One version of the ‘Third Act’ for men is to re-marry and have a second family.  Moran sees this is terribly sad for men, as they come to see how little they engaged with their first families because they were always at work.  Moran imbues this process with the sancity of ‘putting right what I did first time’.  Where’s the analysis of why family life remains so unequal in terms of earning and caring, of how difficult it is to achieve involved fatherhood in the corporate structures of late capitalism, or of how older, divorced women might find it rather more difficult to start all over again?
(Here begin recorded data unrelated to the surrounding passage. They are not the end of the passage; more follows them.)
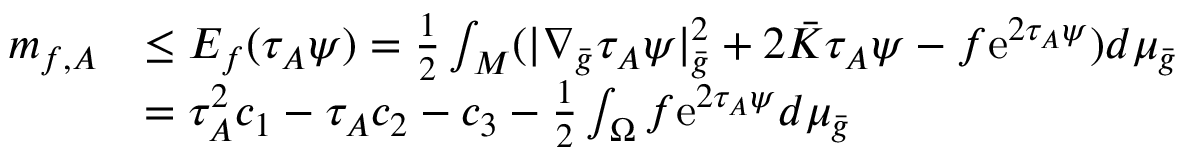Convert formula to latex. <formula><loc_0><loc_0><loc_500><loc_500>\begin{array} { r l } { m _ { f , A } } & { \leq E _ { f } ( \tau _ { A } \psi ) = \frac { 1 } { 2 } \int _ { M } ( | \nabla _ { \bar { g } } \tau _ { A } \psi | _ { \bar { g } } ^ { 2 } + 2 \bar { K } \tau _ { A } \psi - f e ^ { 2 \tau _ { A } \psi } ) d \mu _ { \bar { g } } } \\ & { = \tau _ { A } ^ { 2 } c _ { 1 } - \tau _ { A } c _ { 2 } - c _ { 3 } - \frac { 1 } { 2 } \int _ { \Omega } f e ^ { 2 \tau _ { A } \psi } d \mu _ { \bar { g } } } \end{array}</formula> 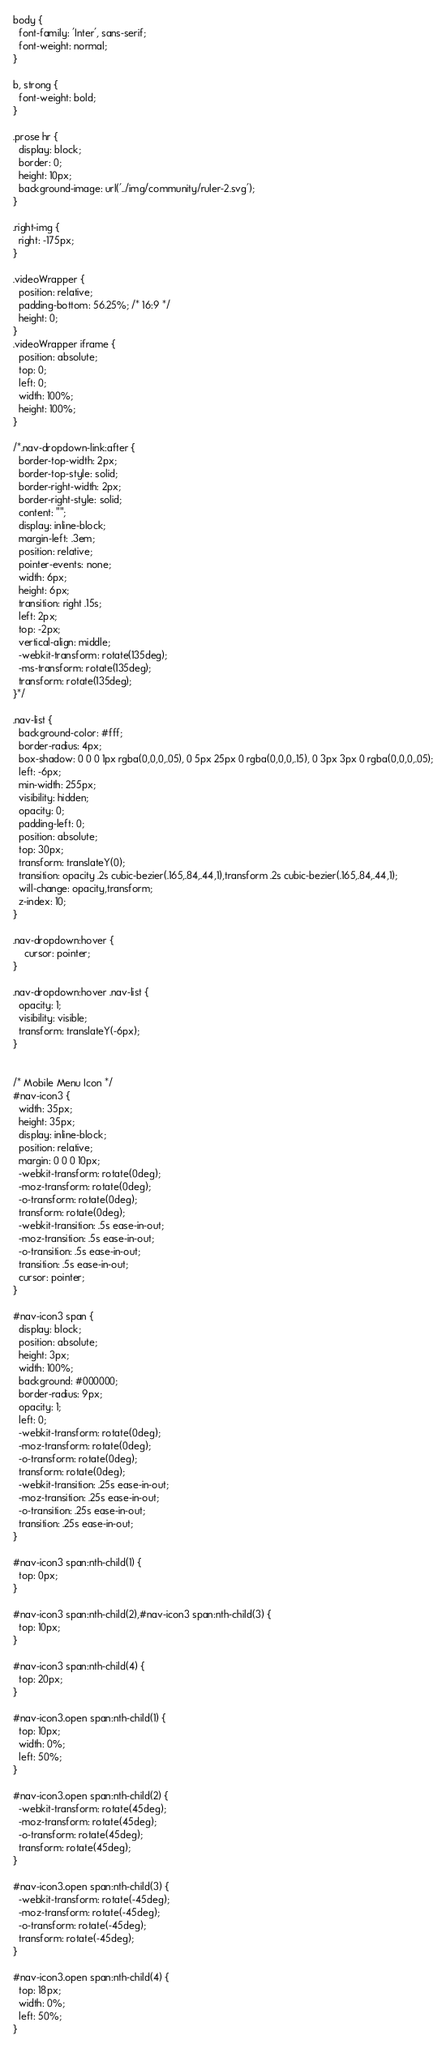Convert code to text. <code><loc_0><loc_0><loc_500><loc_500><_CSS_>body {
  font-family: 'Inter', sans-serif;
  font-weight: normal;
}

b, strong {
  font-weight: bold;
}

.prose hr {
  display: block;
  border: 0;
  height: 10px;
  background-image: url('../img/community/ruler-2.svg');
}

.right-img {
  right: -175px;
}

.videoWrapper {
  position: relative;
  padding-bottom: 56.25%; /* 16:9 */
  height: 0;
}
.videoWrapper iframe {
  position: absolute;
  top: 0;
  left: 0;
  width: 100%;
  height: 100%;
}

/*.nav-dropdown-link:after {
  border-top-width: 2px;
  border-top-style: solid;
  border-right-width: 2px;
  border-right-style: solid;
  content: "";
  display: inline-block;
  margin-left: .3em;
  position: relative;
  pointer-events: none;
  width: 6px;
  height: 6px;
  transition: right .15s;
  left: 2px;
  top: -2px;
  vertical-align: middle;
  -webkit-transform: rotate(135deg);
  -ms-transform: rotate(135deg);
  transform: rotate(135deg);
}*/

.nav-list {
  background-color: #fff;
  border-radius: 4px;
  box-shadow: 0 0 0 1px rgba(0,0,0,.05), 0 5px 25px 0 rgba(0,0,0,.15), 0 3px 3px 0 rgba(0,0,0,.05);
  left: -6px;
  min-width: 255px;
  visibility: hidden;
  opacity: 0;
  padding-left: 0;
  position: absolute;
  top: 30px;
  transform: translateY(0);
  transition: opacity .2s cubic-bezier(.165,.84,.44,1),transform .2s cubic-bezier(.165,.84,.44,1);
  will-change: opacity,transform;
  z-index: 10;
}

.nav-dropdown:hover {
	cursor: pointer;
}

.nav-dropdown:hover .nav-list {
  opacity: 1;
  visibility: visible;
  transform: translateY(-6px);
}


/* Mobile Menu Icon */
#nav-icon3 {
  width: 35px;
  height: 35px;
  display: inline-block;
  position: relative;
  margin: 0 0 0 10px;
  -webkit-transform: rotate(0deg);
  -moz-transform: rotate(0deg);
  -o-transform: rotate(0deg);
  transform: rotate(0deg);
  -webkit-transition: .5s ease-in-out;
  -moz-transition: .5s ease-in-out;
  -o-transition: .5s ease-in-out;
  transition: .5s ease-in-out;
  cursor: pointer;
}

#nav-icon3 span {
  display: block;
  position: absolute;
  height: 3px;
  width: 100%;
  background: #000000;
  border-radius: 9px;
  opacity: 1;
  left: 0;
  -webkit-transform: rotate(0deg);
  -moz-transform: rotate(0deg);
  -o-transform: rotate(0deg);
  transform: rotate(0deg);
  -webkit-transition: .25s ease-in-out;
  -moz-transition: .25s ease-in-out;
  -o-transition: .25s ease-in-out;
  transition: .25s ease-in-out;
}

#nav-icon3 span:nth-child(1) {
  top: 0px;
}

#nav-icon3 span:nth-child(2),#nav-icon3 span:nth-child(3) {
  top: 10px;
}

#nav-icon3 span:nth-child(4) {
  top: 20px;
}

#nav-icon3.open span:nth-child(1) {
  top: 10px;
  width: 0%;
  left: 50%;
}

#nav-icon3.open span:nth-child(2) {
  -webkit-transform: rotate(45deg);
  -moz-transform: rotate(45deg);
  -o-transform: rotate(45deg);
  transform: rotate(45deg);
}

#nav-icon3.open span:nth-child(3) {
  -webkit-transform: rotate(-45deg);
  -moz-transform: rotate(-45deg);
  -o-transform: rotate(-45deg);
  transform: rotate(-45deg);
}

#nav-icon3.open span:nth-child(4) {
  top: 18px;
  width: 0%;
  left: 50%;
}</code>

These questions, to which I haven’t seen answers, bring us to what appears to be a yawning gap in this exploration of manhood.  It seems that Moran has not much engaged with the civil society groups who work on men’s issues.  In the Guardian, she wrote that there wasn’t a culture around fatherhood to match that of motherhood, that there are ‘no fathering memoirs; no pub discussions of being a father- how to plait hair, how to arrange a turtle-themed birthday party’.  To take perhaps the least consequential of these observations, I seem to remember a group of fathers going viral describing their workshops on plaiting children’s hair, and a quick search on the BBC website produced this article, on men taking classes in plaiting.  How could this have been missed? And there is a slew of groups working on active fatherhood, boys in education, male mental health and other issues that Caitlin Moran has usefully highlighted. On BBC Women’s Hour, she said that there may be academic resources in these areas but no over-arching mainstream movement that is accessible to ordinary men and boys.  Again, I’m struck by the lack of analysis as to why this is – could it be that men as a whole remain the more powerful of the sexes? I’m not one of those who think there is no need to address the problems experienced by contemporary men and boys – of course there is.  But without the corrective of looking at what many organisations are already doing in this space, and without recognition of the many ways in which things for women are NOT ‘okay at the moment’, I fear you might end up with bollocks. And I don’t mean that as a ‘joyful, life-affirming’ mention of men’s parts.